The work realized in this study aimed at exploring the coupled effects of ionic strength, particle size, and flow velocity on transport and deposition of suspended particles in saturated sand filling a laboratory column. Compared to the majority of the work reported in the literature, this study, high ionic strengths are investigated (from 0 to 600 mM NaCl). To evaluate the suspended particles–sand grain interaction, extended DLVO (XDLVO) theory was used. Suspended particles and sand grain surfaces are considered chemically and topographically homogeneous. Suspended particles recovery and deposition kinetics were strongly dependent on the solution ionic strength, the hydrodynamics, and the suspended particle sizes, with greater deposition occurring for increasing ionic strength, low flow velocity, and larger ratios of the median diameter of the suspended particles to the median sand grain diameter. Among the results highlighted:

  • A shift was observed between the XDLVO theory prediction (presence of repulsion barrier and hydrodynamic drag forces larger than adhesive forces in the secondary minimum) and the experimental results for a certain ionic strength (\(\hbox {IS} = 25\) mM) and when the particle sizes were larger than 9 \(\upmu \)m. A possible explanation of this behaviour is due, as reported in recent literature, to the effects of surface heterogeneities that should be considered.

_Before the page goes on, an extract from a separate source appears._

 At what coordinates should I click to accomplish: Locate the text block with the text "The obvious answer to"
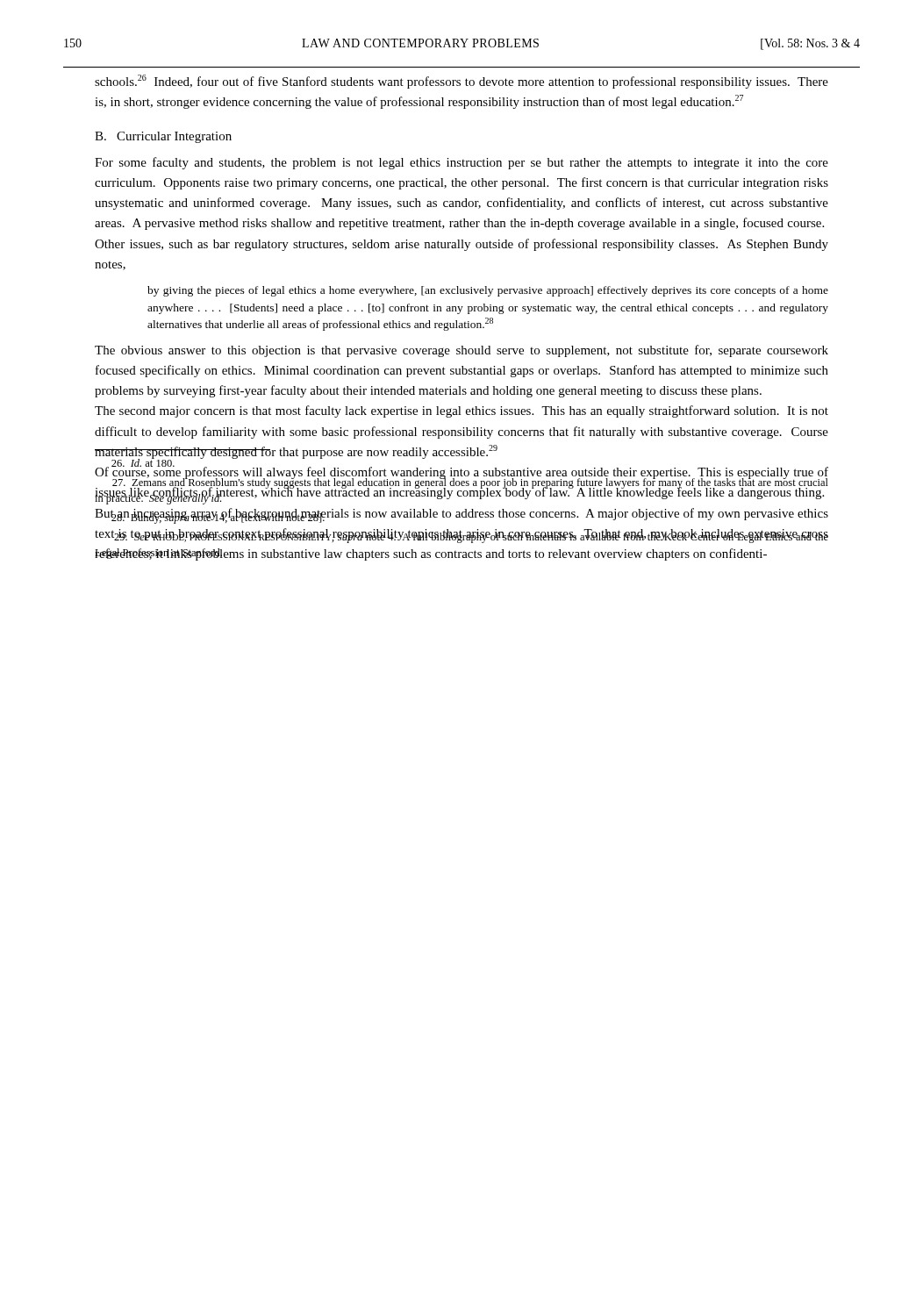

  • For a fixed flow velocity and particle size, the residence time of the non-captured particles increases with increasing ionic strength as the particle/grain surface becomes less repulsive. For a given IS, the retardation of the SP compared to the DT was less important when the flow velocity was high. The residence time of the non-captured particles is dependent on IS and flow velocity.

  • A relationship summarizing the simultaneous effects of particle size, flow velocity, and ionic strength on deposition kinetics coefficient is proposed. This relationship considers for straining and attachment mechanisms.

Furthermore, in view of these results, it would be interesting to analyse the experimental data presented in this study using a numerical modelling where the effects of surface heterogeneities on the retention of the particles in the second minimum will be considered even under unfavourable conditions to deposition.